The common names for lavender are notoriously confusing — 'French' and 'Spanish' in particular are used inconsistently across Australian nurseries. The definitive guide by botanical group: English lavender (Lavandula angustifolia) has narrow silver-grey leaves and sweet, pure fragrance — the best for cooking and the most cold-hardy. French lavender (Lavandula dentata) has toothed, serrated leaf edges (d for dentata, d for dentate-edged) and the longest flowering season — best for warm, humid Australian climates including Queensland. Spanish/Italian lavender (Lavandula stoechas) has smooth, narrow leaves with distinctive showy 'rabbit-ear' bracts on each flower spike — ⚠️ classified as a weed in Victoria and Western Australia. When in doubt, check the botanical name on the plant label — it removes all ambiguity.
Can I use lavender from my garden for cooking?
Only Lavandula angustifolia (English or True Lavender) varieties — including Hidcote, Munstead, and Allwood — are suitable for culinary use. These have the sweetest fragrance with low camphor content. Do NOT use Lavandin (L. × intermedia, including Grosso and Ploughman's Purple), Spanish or Stoechas lavender (L. stoechas), or French/Fringed lavender (L. dentata) for cooking — all have higher camphor and other aromatic compounds that create a medicinal, resinous taste in food. When buying lavender specifically for culinary use, look for Lavandula angustifolia on the plant label.
Is it true lavender stoechas is a weed in Victoria?
Yes — Lavandula stoechas (Spanish, Topped, or Italian Lavender) is declared an environmental weed in Victoria and Western Australia. It self-seeds readily and, when it escapes gardens into bushland, outcompetes native vegetation. Online Plants stocks Avonview (a stoechas × viridis hybrid, listed as a Grow Me Instead alternative in Queensland) and other selected cultivars — but we strongly recommend buyers in Victoria, Western Australia, and NSW check their local state and council regulations before planting stoechas-type lavender in open garden beds.

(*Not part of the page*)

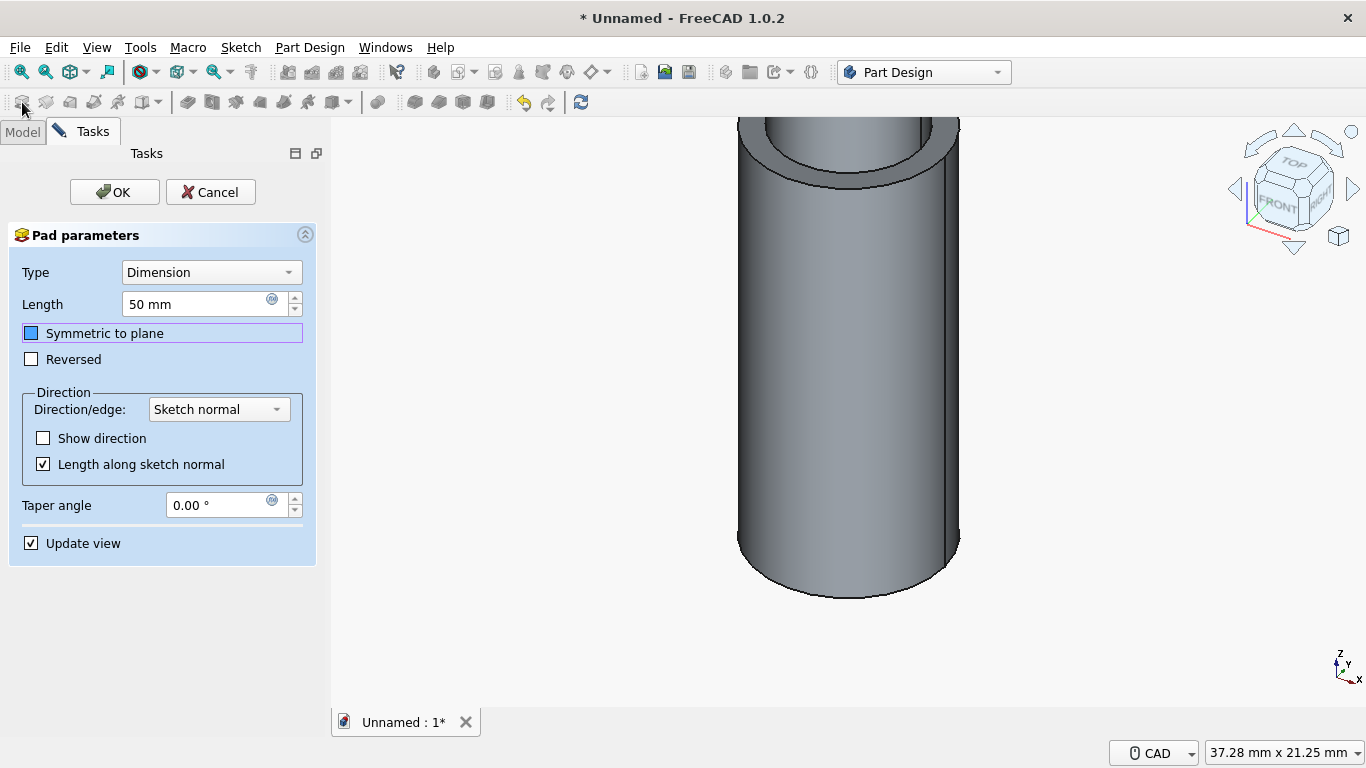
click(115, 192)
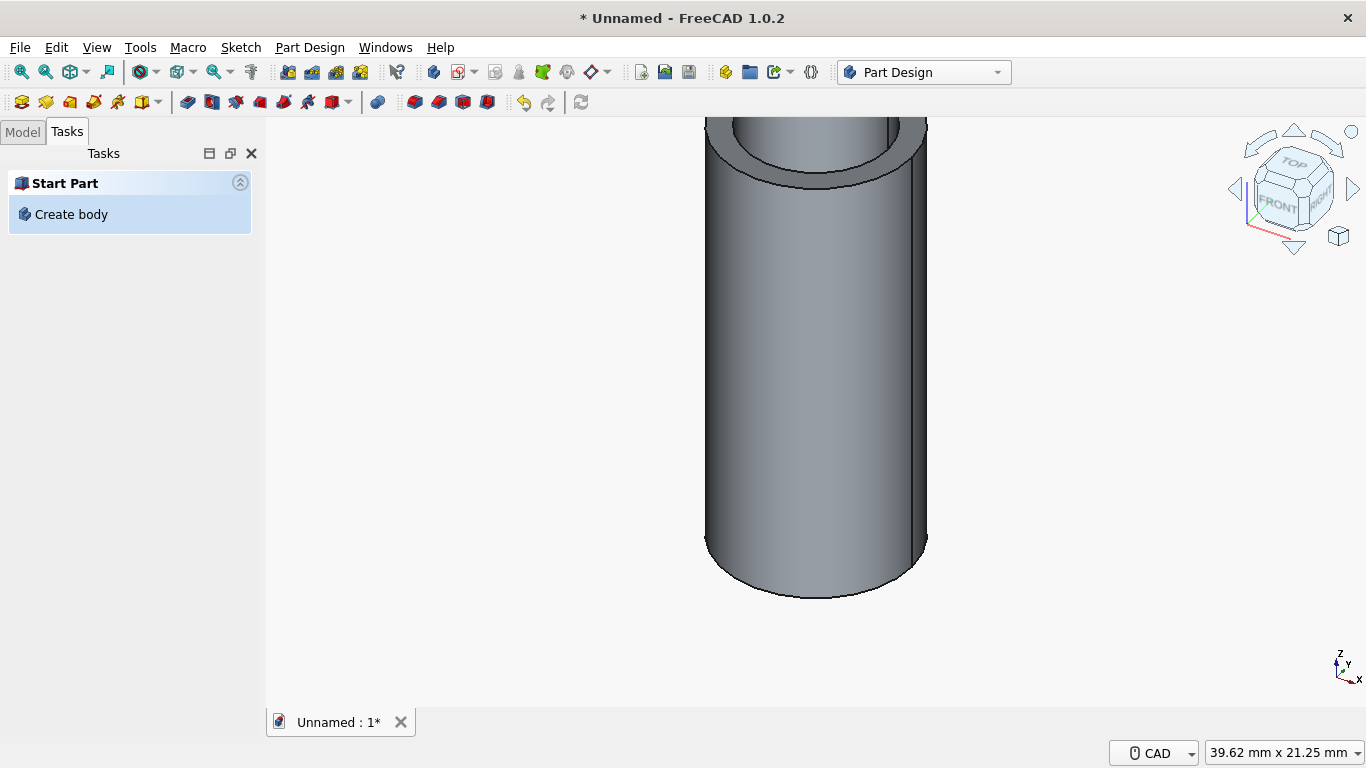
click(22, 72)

Growing in sealed containers is the safest approach in restricted states.
Why does my lavender keep dying?
The most common causes of lavender death in Australian gardens are: (1) Wet or waterlogged soil — lavender cannot tolerate poor drainage; in Melbourne's clay soils, raise the bed by 15–25cm and incorporate coarse grit. (2) Organic mulch against the crown — organic mulch retains moisture at the base of the plant and promotes crown rot; use gravel or crushed quartz as a crown mulch instead. (3) Insufficient sun — lavender needs 6–7 hours of direct sun daily; part-shade causes disease and reduced vigour. (4) Old age — lavender is naturally short-lived (5–10 years); replacement with fresh plants is often the most practical solution for older, declining specimens.
Can I grow lavender in Melbourne's clay soil?
Yes, but it requires soil preparation. Lavender's most important requirement is excellent drainage — Melbourne's heavy clay soils naturally retain moisture that will cause root rot. The solution: raise the planting bed 15–25cm above the surrounding soil level, incorporating coarse grit, gravel, and composted organic matter. Add dolomite lime to raise pH toward neutral-alkaline. Plant on the mound, not in a depression. Use crushed gravel or quartz as a crown mulch. Avoid planting at the base of slopes or in areas that collect water after rain. With these preparations, lavender performs reliably in Melbourne — the climate itself is excellent for English lavender and Lavandin varieties.